== Stored records ==
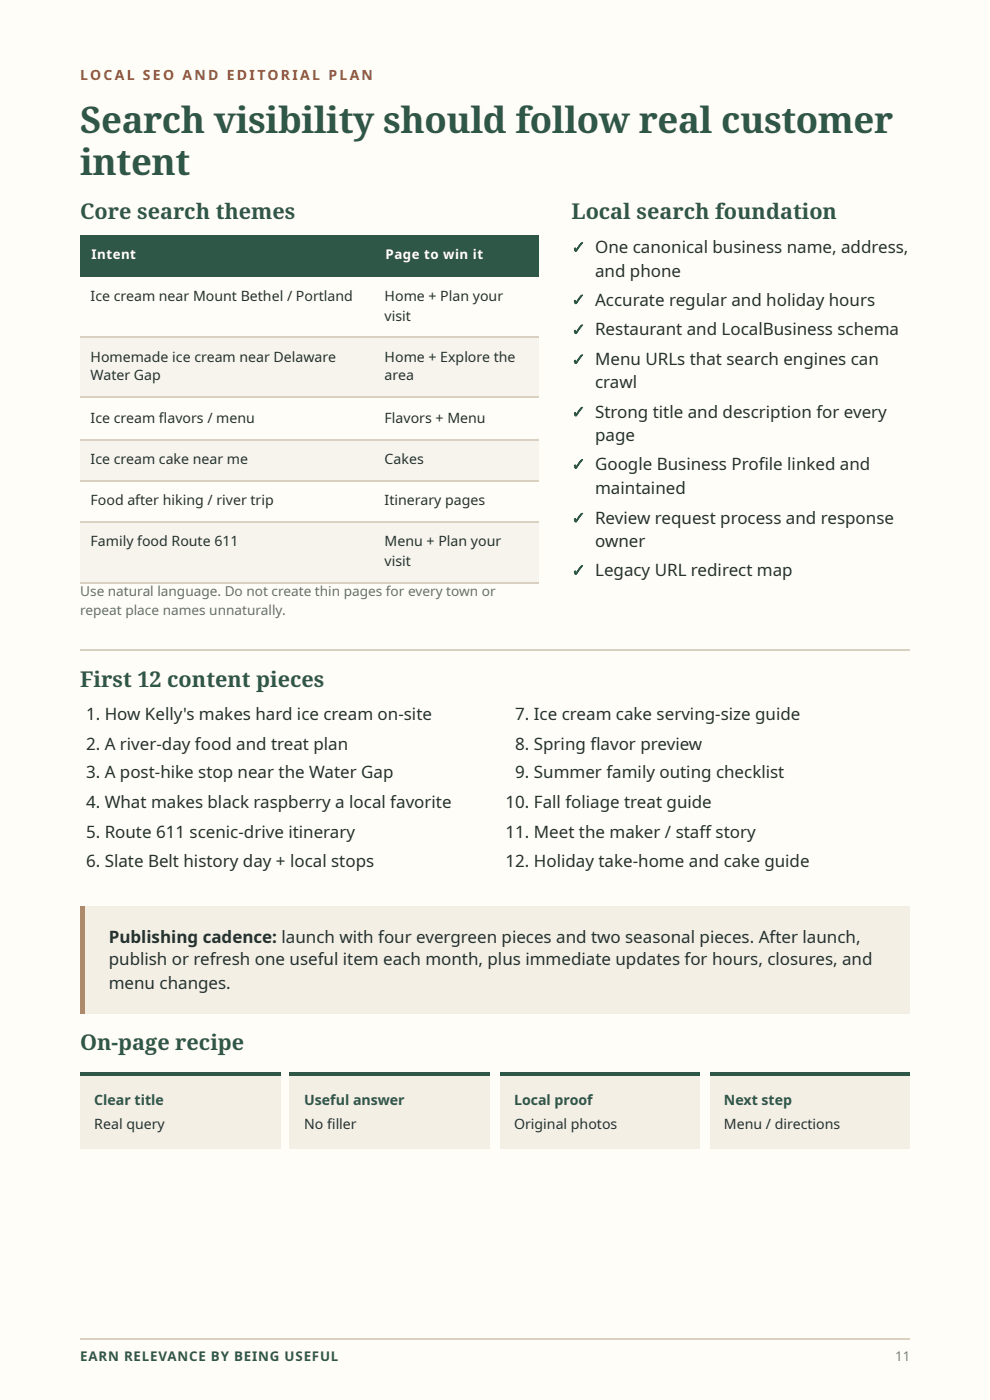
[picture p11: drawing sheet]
<svg xmlns="http://www.w3.org/2000/svg" width="210mm" height="297mm" viewBox="0 0 210 297" stroke-linecap="round" stroke-linejoin="round" font-family="sans-serif">
<defs><g id="words">
<g font-size="7.8" fill="#2f5748">
<text x="17" y="28.3">Search visibility should follow real customer</text>
<text x="17" y="37">intent</text>
</g>
<g font-size="4.6" fill="#2f5748">
<text x="17" y="46.6">Core search themes</text>
<text x="121.2" y="46.6">Local search foundation</text>
<text x="17" y="145.8">First 12 content pieces</text>
<text x="17" y="222.8">On-page recipe</text>
</g>
<g font-size="3.6" fill="#2f5748">
<text x="121.2" y="53.7">✓ One canonical business name, address,</text>
<text x="121.2" y="64.8">✓ Accurate regular and holiday hours</text>
<text x="121.2" y="71.2">✓ Restaurant and LocalBusiness schema</text>
<text x="121.2" y="77.5">✓ Menu URLs that search engines can</text>
<text x="121.2" y="88.6">✓ Strong title and description for every</text>
<text x="121.2" y="99.7">✓ Google Business Profi le linked and</text>
<text x="121.2" y="111.1">✓ Review request process and response</text>
<text x="121.2" y="122.2">✓ Legacy URL redirect map</text>
</g>
<g font-size="3.6" fill="#26322e">
<text x="126.2" y="58.7">and phone</text>
<text x="126.2" y="82.3">crawl</text>
<text x="126.2" y="93.7">page</text>
<text x="126.2" y="104.8">maintained</text>
<text x="126.2" y="116.2">owner</text>
<text x="18.2" y="152.7">1. How Kelly's makes hard ice cream on-site</text>
<text x="109.2" y="152.7">7. Ice cream cake serving-size guide</text>
<text x="18.2" y="159">2. A river-day food and treat plan</text>
<text x="109.2" y="159">8. Spring fl avor preview</text>
<text x="18.2" y="165.1">3. A post-hike stop near the Water Gap</text>
<text x="109.2" y="165.1">9. Summer family outing checklist</text>
<text x="18.2" y="171.5">4. What makes black raspberry a local favorite</text>
<text x="107.2" y="171.5">10. Fall foliage treat guide</text>
<text x="18.2" y="177.8">5. Route 611 scenic-drive itinerary</text>
<text x="107.2" y="177.8">11. Meet the maker / staff story</text>
<text x="18.2" y="183.9">6. Slate Belt history day + local stops</text>
<text x="107.2" y="183.9">12. Holiday take-home and cake guide</text>
<text x="23.1" y="204.8">publish or refresh one useful item each month, plus immediate updates for hours, closures, and</text>
<text x="23.1" y="209.8">menu changes.</text>
</g>
<text font-size="3.6" fill="#21342d" x="23.1" y="200">Publishing cadence: launch with four evergreen pieces and two seasonal pieces. After launch,</text>
<text font-size="3" fill="#9b4d35" x="17" y="16.9">LOCAL SEO AND EDITORIAL PLAN</text>
<g font-size="3" fill="#26322e">
<text x="19.2" y="63.8">Ice cream near Mount Bethel / Portland</text>
<text x="81.5" y="63.8">Home + Plan your</text>
<text x="81.5" y="68">visit</text>
<text x="19.2" y="76.7">Homemade ice cream near Delaware</text>
<text x="81.5" y="76.7">Home + Explore the</text>
<text x="19.2" y="80.7">Water Gap</text>
<text x="81.5" y="80.7">area</text>
<text x="19.2" y="89.7">Ice cream fl avors / menu</text>
<text x="81.5" y="89.7">Flavors + Menu</text>
<text x="19.2" y="98.4">Ice cream cake near me</text>
<text x="81.5" y="98.4">Cakes</text>
<text x="19.2" y="107.2">Food after hiking / river trip</text>
<text x="81.5" y="107.2">Itinerary pages</text>
<text x="19.2" y="115.9">Family food Route 611</text>
<text x="81.5" y="115.9">Menu + Plan your</text>
<text x="81.5" y="120.1">visit</text>
<text x="20" y="239.4">Real query</text>
<text x="64.5" y="239.4">No fi ller</text>
<text x="109" y="239.4">Original photos</text>
<text x="153.5" y="239.4">Menu / directions</text>
</g>
<g font-size="3" fill="#2f5748">
<text x="20" y="234.4">Clear title</text>
<text x="64.5" y="234.4">Useful answer</text>
<text x="109" y="234.4">Local proof</text>
<text x="153.5" y="234.4">Next step</text>
</g>
<g font-size="2.9" fill="#65716c">
<text x="17" y="126.5">Use natural language. Do not create thin pages for every town or</text>
<text x="17" y="130.4">repeat place names unnaturally.</text>
</g>
<g font-size="2.8" fill="#fff">
<text x="19.4" y="55">Intent</text>
<text x="81.7" y="55">Page to win it</text>
</g>
<text font-size="2.8" fill="#2f5748" x="17" y="288.7">EARN RELEVANCE BY BEING USEFUL</text>
<text font-size="2.8" fill="#7a817d" x="189.8" y="288.7">11</text>
</g></defs>
<path d="M0 0h209.9v297h-209.9z" fill="#fffdf8"/>
<path d="M16.9 138h176" fill="none" stroke="#d9d0c0" stroke-width=".26"/>
<path d="M16.9 192.4h176v22.7h-176z" fill="#f4efe4"/>
<path d="M16.9 192.4h1.1v22.7h-1.1z" fill="#b88958"/>
<g fill="#2f5748">
<path d="M16.9 50h62.5v8.7h-62.5z"/>
<path d="M79.4 50h34.9v8.7h-34.9z"/>
</g>
<g fill="#f7f4ed">
<path d="M16.9 71.4h62.5v13h-62.5z"/>
<path d="M79.4 71.4h34.9v13h-34.9z"/>
<path d="M16.9 93.1h62.5v8.8h-62.5z"/>
<path d="M79.4 93.1h34.9v8.8h-34.9z"/>
<path d="M16.9 110.9h62.5v12.9h-62.5z"/>
<path d="M79.4 110.9h34.9v12.9h-34.9z"/>
</g>
<path d="M16.9 71.6h97.4M16.9 84.3h97.4M16.9 93.3h97.4M16.9 102h97.4M16.9 110.7h97.4M16.9 123.7h97.4" fill="none" stroke="#d9d0c0" stroke-width=".26"/>
<path d="M16.9 227.5h42.6v16.2h-42.6z" fill="#f4efe4"/>
<path d="M16.9 227.5h42.6v.8h-42.6z" fill="#2f5748"/>
<path d="M61.4 227.5h42.6v16.2h-42.6z" fill="#f4efe4"/>
<path d="M61.4 227.5h42.6v.8h-42.6z" fill="#2f5748"/>
<path d="M106.1 227.5h42.3v16.2h-42.3z" fill="#f4efe4"/>
<path d="M106.1 227.5h42.3v.8h-42.3z" fill="#2f5748"/>
<path d="M150.5 227.5h42.4v16.2h-42.4z" fill="#f4efe4"/>
<path d="M150.5 227.5h42.4v.8h-42.4z" fill="#2f5748"/>
<path d="M16.9 284h176" fill="none" stroke="#d9d0c0" stroke-width=".26"/>
<use href="#words"/>
</svg>

== Work to be completed ==
All entries, top to bottom, should be retyped exactly; the pictures should not be.

== Exercise result ==
[picture p11: drawing sheet]
<svg xmlns="http://www.w3.org/2000/svg" width="210mm" height="297mm" viewBox="0 0 210 297" stroke-linecap="round" stroke-linejoin="round" font-family="sans-serif">
<defs><g id="words">
<g font-size="7.8" fill="#2f5748">
<text x="17" y="28.3">Search visibility should follow real customer</text>
<text x="17" y="37">intent</text>
</g>
<g font-size="4.6" fill="#2f5748">
<text x="17" y="46.6">Core search themes</text>
<text x="121.2" y="46.6">Local search foundation</text>
<text x="17" y="145.8">First 12 content pieces</text>
<text x="17" y="222.8">On-page recipe</text>
</g>
<g font-size="3.6" fill="#2f5748">
<text x="121.2" y="53.7">✓ One canonical business name, address,</text>
<text x="121.2" y="64.8">✓ Accurate regular and holiday hours</text>
<text x="121.2" y="71.2">✓ Restaurant and LocalBusiness schema</text>
<text x="121.2" y="77.5">✓ Menu URLs that search engines can</text>
<text x="121.2" y="88.6">✓ Strong title and description for every</text>
<text x="121.2" y="99.7">✓ Google Business Profi le linked and</text>
<text x="121.2" y="111.1">✓ Review request process and response</text>
<text x="121.2" y="122.2">✓ Legacy URL redirect map</text>
</g>
<g font-size="3.6" fill="#26322e">
<text x="126.2" y="58.7">and phone</text>
<text x="126.2" y="82.3">crawl</text>
<text x="126.2" y="93.7">page</text>
<text x="126.2" y="104.8">maintained</text>
<text x="126.2" y="116.2">owner</text>
<text x="18.2" y="152.7">1. How Kelly's makes hard ice cream on-site</text>
<text x="109.2" y="152.7">7. Ice cream cake serving-size guide</text>
<text x="18.2" y="159">2. A river-day food and treat plan</text>
<text x="109.2" y="159">8. Spring fl avor preview</text>
<text x="18.2" y="165.1">3. A post-hike stop near the Water Gap</text>
<text x="109.2" y="165.1">9. Summer family outing checklist</text>
<text x="18.2" y="171.5">4. What makes black raspberry a local favorite</text>
<text x="107.2" y="171.5">10. Fall foliage treat guide</text>
<text x="18.2" y="177.8">5. Route 611 scenic-drive itinerary</text>
<text x="107.2" y="177.8">11. Meet the maker / staff story</text>
<text x="18.2" y="183.9">6. Slate Belt history day + local stops</text>
<text x="107.2" y="183.9">12. Holiday take-home and cake guide</text>
<text x="23.1" y="204.8">publish or refresh one useful item each month, plus immediate updates for hours, closures, and</text>
<text x="23.1" y="209.8">menu changes.</text>
</g>
<text font-size="3.6" fill="#21342d" x="23.1" y="200">Publishing cadence: launch with four evergreen pieces and two seasonal pieces. After launch,</text>
<text font-size="3" fill="#9b4d35" x="17" y="16.9">LOCAL SEO AND EDITORIAL PLAN</text>
<g font-size="3" fill="#26322e">
<text x="19.2" y="63.8">Ice cream near Mount Bethel / Portland</text>
<text x="81.5" y="63.8">Home + Plan your</text>
<text x="81.5" y="68">visit</text>
<text x="19.2" y="76.7">Homemade ice cream near Delaware</text>
<text x="81.5" y="76.7">Home + Explore the</text>
<text x="19.2" y="80.7">Water Gap</text>
<text x="81.5" y="80.7">area</text>
<text x="19.2" y="89.7">Ice cream fl avors / menu</text>
<text x="81.5" y="89.7">Flavors + Menu</text>
<text x="19.2" y="98.4">Ice cream cake near me</text>
<text x="81.5" y="98.4">Cakes</text>
<text x="19.2" y="107.2">Food after hiking / river trip</text>
<text x="81.5" y="107.2">Itinerary pages</text>
<text x="19.2" y="115.9">Family food Route 611</text>
<text x="81.5" y="115.9">Menu + Plan your</text>
<text x="81.5" y="120.1">visit</text>
<text x="20" y="239.4">Real query</text>
<text x="64.5" y="239.4">No fi ller</text>
<text x="109" y="239.4">Original photos</text>
<text x="153.5" y="239.4">Menu / directions</text>
</g>
<g font-size="3" fill="#2f5748">
<text x="20" y="234.4">Clear title</text>
<text x="64.5" y="234.4">Useful answer</text>
<text x="109" y="234.4">Local proof</text>
<text x="153.5" y="234.4">Next step</text>
</g>
<g font-size="2.9" fill="#65716c">
<text x="17" y="126.5">Use natural language. Do not create thin pages for every town or</text>
<text x="17" y="130.4">repeat place names unnaturally.</text>
</g>
<g font-size="2.8" fill="#fff">
<text x="19.4" y="55">Intent</text>
<text x="81.7" y="55">Page to win it</text>
</g>
<text font-size="2.8" fill="#2f5748" x="17" y="288.7">EARN RELEVANCE BY BEING USEFUL</text>
<text font-size="2.8" fill="#7a817d" x="189.8" y="288.7">11</text>
</g></defs>
<path d="M0 0h209.9v297h-209.9z" fill="#fffdf8"/>
<path d="M16.9 138h176" fill="none" stroke="#d9d0c0" stroke-width=".26"/>
<path d="M16.9 192.4h176v22.7h-176z" fill="#f4efe4"/>
<path d="M16.9 192.4h1.1v22.7h-1.1z" fill="#b88958"/>
<g fill="#2f5748">
<path d="M16.9 50h62.5v8.7h-62.5z"/>
<path d="M79.4 50h34.9v8.7h-34.9z"/>
</g>
<g fill="#f7f4ed">
<path d="M16.9 71.4h62.5v13h-62.5z"/>
<path d="M79.4 71.4h34.9v13h-34.9z"/>
<path d="M16.9 93.1h62.5v8.8h-62.5z"/>
<path d="M79.4 93.1h34.9v8.8h-34.9z"/>
<path d="M16.9 110.9h62.5v12.9h-62.5z"/>
<path d="M79.4 110.9h34.9v12.9h-34.9z"/>
</g>
<path d="M16.9 71.6h97.4M16.9 84.3h97.4M16.9 93.3h97.4M16.9 102h97.4M16.9 110.7h97.4M16.9 123.7h97.4" fill="none" stroke="#d9d0c0" stroke-width=".26"/>
<path d="M16.9 227.5h42.6v16.2h-42.6z" fill="#f4efe4"/>
<path d="M16.9 227.5h42.6v.8h-42.6z" fill="#2f5748"/>
<path d="M61.4 227.5h42.6v16.2h-42.6z" fill="#f4efe4"/>
<path d="M61.4 227.5h42.6v.8h-42.6z" fill="#2f5748"/>
<path d="M106.1 227.5h42.3v16.2h-42.3z" fill="#f4efe4"/>
<path d="M106.1 227.5h42.3v.8h-42.3z" fill="#2f5748"/>
<path d="M150.5 227.5h42.4v16.2h-42.4z" fill="#f4efe4"/>
<path d="M150.5 227.5h42.4v.8h-42.4z" fill="#2f5748"/>
<path d="M16.9 284h176" fill="none" stroke="#d9d0c0" stroke-width=".26"/>
<use href="#words"/>
</svg>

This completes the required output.